I might not have noticed these logical lapses if I hadn’t earlier sensed in Adler an essential conservatism, a faith in the system, that made me uncomfortable. “The very fact,” she writes in her introduction to Towards A Radical Middle, “that radicalism leans so comfortably, half-consciously, upon the System and its laws, goes on almost risk-free, beside [the soap opera] Another World, confirms that the System’s thrust is still, on an unprecedented scale, democratic and benign.” Reading her account of the faux revolutionaries of the 1967 New Politics Convention, one understands why the System, flawed though it might have been, would have seemed preferable to the New Left’s orgy of self-righteous chaos. But then there is this: “No famous or privileged white revolutionaries have gone to jail for long just yet. But obscure and black radicals have, in numbers—which raises questions, I think, not so much of politics as of fame, privilege and the inauthentic revolutionary.” True. But it might also raise questions about whether the System might be “democratic and benign” for white radicals and not for their black counterparts.

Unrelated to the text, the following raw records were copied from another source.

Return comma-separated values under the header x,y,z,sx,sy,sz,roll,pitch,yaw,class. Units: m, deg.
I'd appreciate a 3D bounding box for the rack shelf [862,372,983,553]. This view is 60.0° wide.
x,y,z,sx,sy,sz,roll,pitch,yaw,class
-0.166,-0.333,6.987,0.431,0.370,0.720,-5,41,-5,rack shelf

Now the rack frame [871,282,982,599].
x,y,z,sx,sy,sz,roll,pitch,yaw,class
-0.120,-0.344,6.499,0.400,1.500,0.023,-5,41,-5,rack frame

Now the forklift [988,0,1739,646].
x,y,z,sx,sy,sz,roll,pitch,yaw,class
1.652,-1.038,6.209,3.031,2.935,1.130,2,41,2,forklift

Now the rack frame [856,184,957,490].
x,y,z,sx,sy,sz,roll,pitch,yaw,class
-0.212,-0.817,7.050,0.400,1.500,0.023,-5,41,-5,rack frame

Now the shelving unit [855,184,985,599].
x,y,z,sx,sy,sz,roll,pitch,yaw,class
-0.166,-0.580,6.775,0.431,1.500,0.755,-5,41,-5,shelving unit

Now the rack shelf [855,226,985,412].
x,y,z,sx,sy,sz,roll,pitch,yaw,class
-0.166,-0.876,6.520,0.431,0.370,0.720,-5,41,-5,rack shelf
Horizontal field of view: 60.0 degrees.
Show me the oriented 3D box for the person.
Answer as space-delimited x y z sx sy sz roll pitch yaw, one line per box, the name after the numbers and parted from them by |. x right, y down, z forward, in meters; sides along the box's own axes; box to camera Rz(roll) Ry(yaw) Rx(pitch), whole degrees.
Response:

Near the beginning of Reckless Disregard, which was published in 1986, Adler claims that “with few and small exceptions . . . an American no longer expects from his source of news a political viewpoint that comports with his own. His expectation, as in no other country and at no other time in history, is rather this: that given the technology of news gathering and dissemination, given also the scale, the news is going to be, honestly and within human limits, factual.”

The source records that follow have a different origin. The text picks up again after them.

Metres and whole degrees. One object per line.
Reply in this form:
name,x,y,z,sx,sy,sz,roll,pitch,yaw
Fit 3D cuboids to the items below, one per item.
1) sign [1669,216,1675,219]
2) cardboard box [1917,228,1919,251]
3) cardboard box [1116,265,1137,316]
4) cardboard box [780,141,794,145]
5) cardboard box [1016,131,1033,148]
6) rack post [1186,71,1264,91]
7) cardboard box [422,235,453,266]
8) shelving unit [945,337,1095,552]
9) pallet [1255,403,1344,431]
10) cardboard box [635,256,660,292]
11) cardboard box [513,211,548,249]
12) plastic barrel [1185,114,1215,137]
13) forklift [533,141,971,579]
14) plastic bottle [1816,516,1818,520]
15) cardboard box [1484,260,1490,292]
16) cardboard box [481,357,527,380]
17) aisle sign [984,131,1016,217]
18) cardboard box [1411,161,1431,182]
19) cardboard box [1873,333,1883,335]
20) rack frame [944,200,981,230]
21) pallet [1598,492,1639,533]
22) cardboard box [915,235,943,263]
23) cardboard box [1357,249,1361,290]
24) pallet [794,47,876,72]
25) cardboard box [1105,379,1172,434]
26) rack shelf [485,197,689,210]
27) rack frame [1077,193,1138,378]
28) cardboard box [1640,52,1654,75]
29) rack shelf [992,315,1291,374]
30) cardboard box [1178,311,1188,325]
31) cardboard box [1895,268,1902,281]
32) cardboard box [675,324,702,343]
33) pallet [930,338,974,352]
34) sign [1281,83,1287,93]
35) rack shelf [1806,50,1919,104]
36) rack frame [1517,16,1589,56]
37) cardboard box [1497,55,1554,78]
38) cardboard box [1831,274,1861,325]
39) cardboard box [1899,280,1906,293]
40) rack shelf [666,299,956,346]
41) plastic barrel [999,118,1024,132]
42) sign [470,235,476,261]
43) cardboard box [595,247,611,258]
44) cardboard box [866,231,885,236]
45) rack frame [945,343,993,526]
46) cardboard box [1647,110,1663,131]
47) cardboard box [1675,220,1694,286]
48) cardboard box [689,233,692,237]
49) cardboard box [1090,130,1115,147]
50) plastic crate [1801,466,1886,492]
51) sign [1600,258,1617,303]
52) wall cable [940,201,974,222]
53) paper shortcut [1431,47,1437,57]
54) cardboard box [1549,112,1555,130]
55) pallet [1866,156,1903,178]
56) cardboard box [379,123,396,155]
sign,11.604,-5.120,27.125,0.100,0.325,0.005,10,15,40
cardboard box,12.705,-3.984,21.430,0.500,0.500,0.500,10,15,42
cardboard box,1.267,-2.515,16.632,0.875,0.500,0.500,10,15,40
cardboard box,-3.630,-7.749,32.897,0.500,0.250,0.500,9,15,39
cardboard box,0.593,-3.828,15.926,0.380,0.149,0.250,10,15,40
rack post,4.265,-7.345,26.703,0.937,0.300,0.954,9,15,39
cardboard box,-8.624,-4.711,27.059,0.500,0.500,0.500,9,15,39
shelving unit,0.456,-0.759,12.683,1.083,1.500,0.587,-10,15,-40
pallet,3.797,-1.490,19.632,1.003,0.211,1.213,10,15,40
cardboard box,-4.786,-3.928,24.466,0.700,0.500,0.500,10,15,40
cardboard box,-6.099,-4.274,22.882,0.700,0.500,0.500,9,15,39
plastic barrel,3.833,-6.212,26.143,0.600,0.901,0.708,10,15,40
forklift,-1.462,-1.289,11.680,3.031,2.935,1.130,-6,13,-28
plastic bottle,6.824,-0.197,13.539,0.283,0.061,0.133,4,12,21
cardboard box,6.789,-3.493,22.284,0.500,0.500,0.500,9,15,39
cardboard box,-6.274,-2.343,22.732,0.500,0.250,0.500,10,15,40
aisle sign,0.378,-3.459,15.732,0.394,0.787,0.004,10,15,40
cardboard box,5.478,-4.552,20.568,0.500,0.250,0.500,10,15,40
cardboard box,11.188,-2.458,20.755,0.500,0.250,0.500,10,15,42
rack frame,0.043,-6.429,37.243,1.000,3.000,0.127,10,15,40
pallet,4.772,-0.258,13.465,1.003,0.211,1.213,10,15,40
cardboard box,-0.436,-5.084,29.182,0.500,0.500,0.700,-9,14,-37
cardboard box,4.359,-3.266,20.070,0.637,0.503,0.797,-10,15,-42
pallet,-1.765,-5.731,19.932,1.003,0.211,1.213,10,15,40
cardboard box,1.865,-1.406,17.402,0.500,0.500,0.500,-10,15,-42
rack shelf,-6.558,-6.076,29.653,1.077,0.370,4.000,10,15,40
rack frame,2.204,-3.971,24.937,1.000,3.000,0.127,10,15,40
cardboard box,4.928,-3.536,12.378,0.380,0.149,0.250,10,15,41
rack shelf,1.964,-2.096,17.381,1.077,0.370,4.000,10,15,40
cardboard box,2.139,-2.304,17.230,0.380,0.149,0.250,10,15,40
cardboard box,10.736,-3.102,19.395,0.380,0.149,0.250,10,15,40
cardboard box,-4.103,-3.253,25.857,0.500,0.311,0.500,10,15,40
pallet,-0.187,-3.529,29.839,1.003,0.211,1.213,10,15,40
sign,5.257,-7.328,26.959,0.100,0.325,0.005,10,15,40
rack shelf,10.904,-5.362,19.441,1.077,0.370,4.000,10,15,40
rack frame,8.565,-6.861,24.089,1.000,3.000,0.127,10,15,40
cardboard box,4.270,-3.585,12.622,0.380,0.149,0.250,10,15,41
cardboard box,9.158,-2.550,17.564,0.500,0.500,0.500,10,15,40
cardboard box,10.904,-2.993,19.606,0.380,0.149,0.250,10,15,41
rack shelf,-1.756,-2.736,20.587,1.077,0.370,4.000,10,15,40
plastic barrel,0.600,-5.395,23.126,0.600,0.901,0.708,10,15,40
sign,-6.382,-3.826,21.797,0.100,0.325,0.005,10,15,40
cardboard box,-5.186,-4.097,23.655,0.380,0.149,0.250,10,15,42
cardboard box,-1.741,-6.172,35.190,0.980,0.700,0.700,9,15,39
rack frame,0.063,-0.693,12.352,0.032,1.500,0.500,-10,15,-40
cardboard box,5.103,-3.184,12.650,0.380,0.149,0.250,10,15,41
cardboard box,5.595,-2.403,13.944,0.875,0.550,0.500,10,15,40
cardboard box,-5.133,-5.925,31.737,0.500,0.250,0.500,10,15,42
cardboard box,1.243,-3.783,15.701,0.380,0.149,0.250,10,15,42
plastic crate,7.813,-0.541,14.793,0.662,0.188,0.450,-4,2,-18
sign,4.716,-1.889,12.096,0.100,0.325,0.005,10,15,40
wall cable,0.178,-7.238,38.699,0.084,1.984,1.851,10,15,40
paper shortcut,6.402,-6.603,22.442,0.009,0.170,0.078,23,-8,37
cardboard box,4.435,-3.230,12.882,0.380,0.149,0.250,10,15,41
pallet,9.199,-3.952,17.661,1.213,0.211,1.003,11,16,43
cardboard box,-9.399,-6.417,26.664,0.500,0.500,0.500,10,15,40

In 2015, it is much more obvious that many Americans cannot agree on what is or is not factual. It is not that we now expect our news sources to comport with our political viewpoints; it is that we understand the news sources we favor to be true and believe the sources our opponents rely on are false.

This is why trust—in the reporter, the writer—is so important. There are too many facts out there for all of them to be reported as news. Gone are days, which Adler mourns, “when the Times still published transcripts [and] the reader could have judged for himself.” Now who would decide which transcripts to publish? We need someone to choose for us. And we need to trust the person who does the choosing.

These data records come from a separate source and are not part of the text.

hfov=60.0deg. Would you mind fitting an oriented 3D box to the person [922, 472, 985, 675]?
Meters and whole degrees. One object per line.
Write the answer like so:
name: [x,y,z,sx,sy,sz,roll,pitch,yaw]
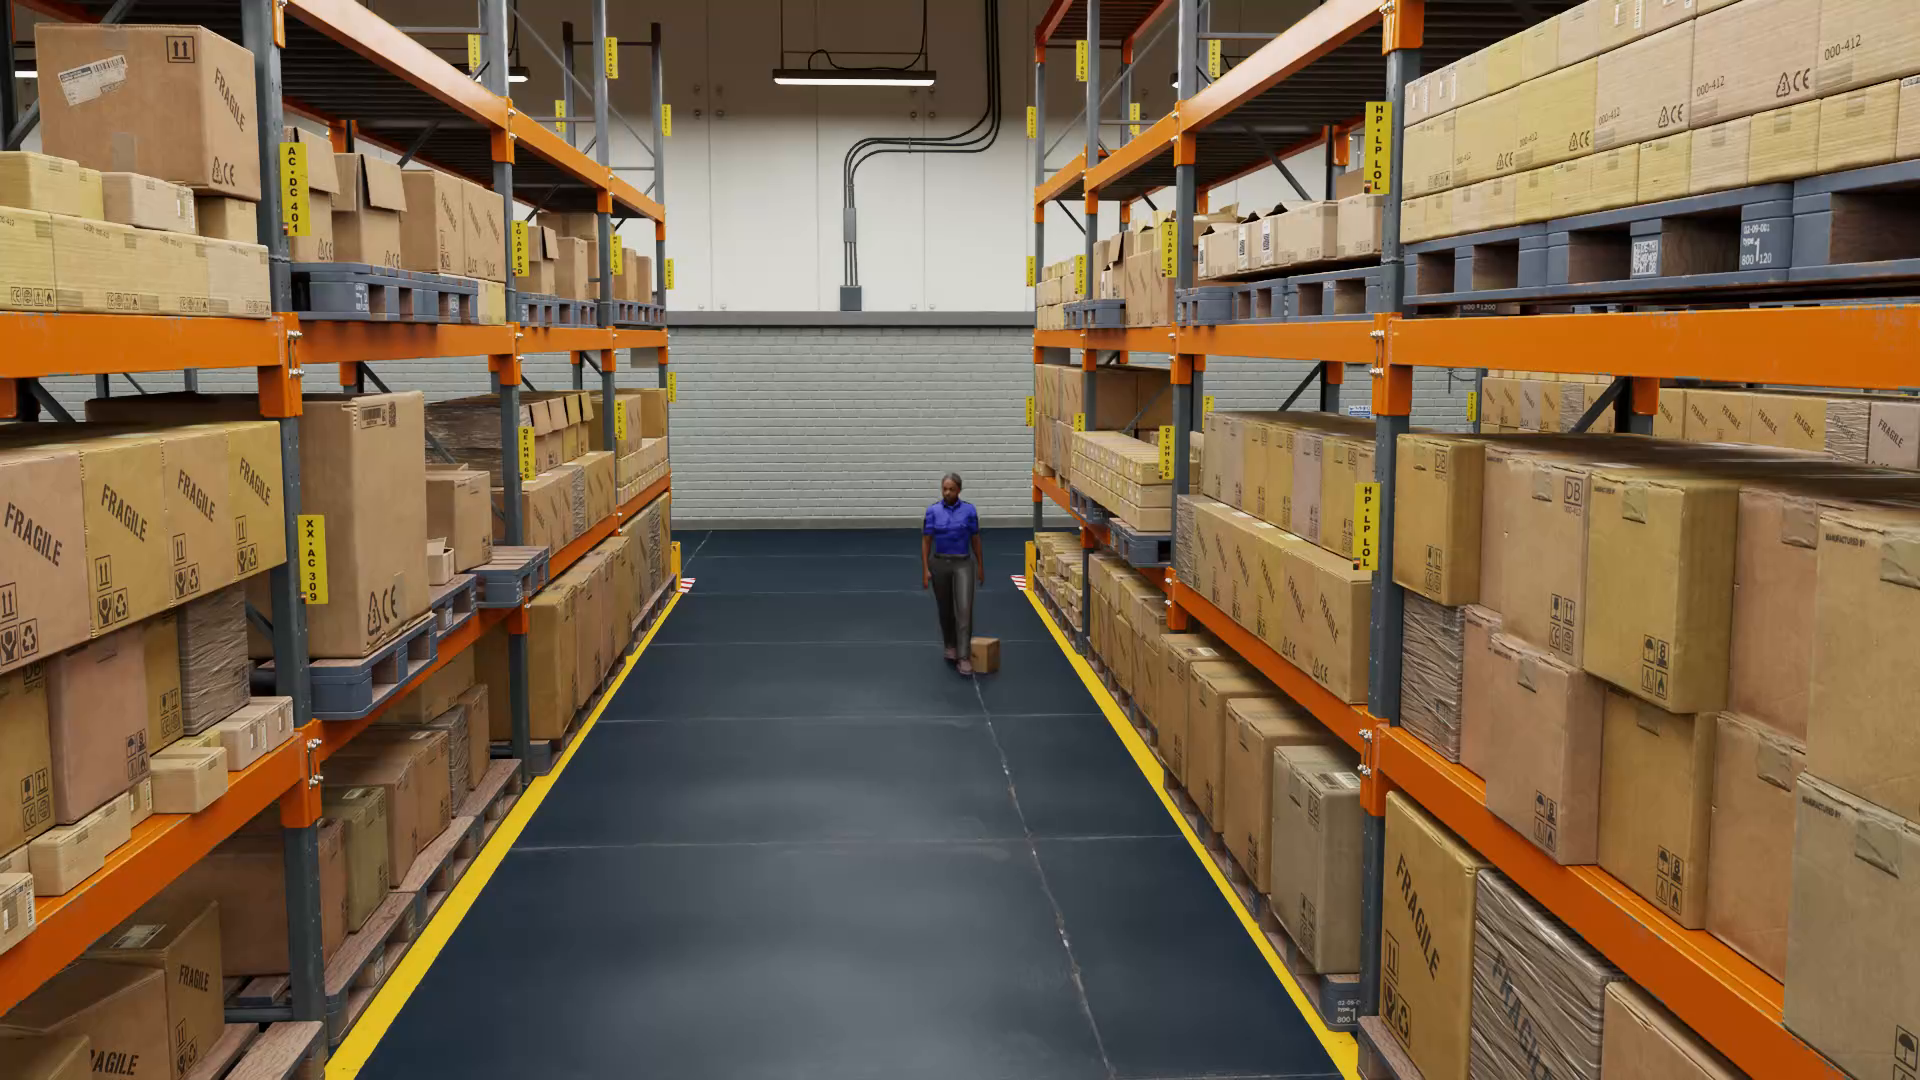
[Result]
person: [-0.064,0.249,13.717,0.510,1.589,0.952,1,7,4]

Adler, by positioning herself merely a relater of information, a drawer of logical conclusions—rather than a person with an opinion—moves to elide that fact. She demands the reader’s trust while implying that trust isn’t necessary. When the reader catches her drawing an illogical conclusion, catches her revealing not truth but bias, her pretense to objectivity is unveiled as just that—a pretense. And at that same moment, the reader’s trust in Adler’s ability, generally, to fairly evaluate the texts at hand—the trust that exists precisely because no one can truly be objective—falters.

As both a person and a reader, I am uncomfortable with certainty. I am myself rarely certain, am rarely close to other humans (or texts) who profess to be. This discomfort informs both my affection for and unease with Adler’s work. As a novelist, as a reporter on the ground, her approach is fundamentally skeptical: Merely by observing with an exceptionally keen critical eye, she is able to highlight hypocrisy, skewer conventional wisdom. The strongest impression one gets, in Speedboat, say, or in “The March for Non-Violence From Selma,” is of an intelligent woman bewildered by the lunacy of the world in which she is unfortunately immersed. She asks questions but rarely supplies answers. This, to my mind, is a virtue. But at some point, she does begin supplying answers. She begins writing not as a person endowed with skepticism and curiosity but rather as one whose skepticism and curiosity have granted her privileged access to the truth. She begins writing with certainty. About this certainty, I have my doubts.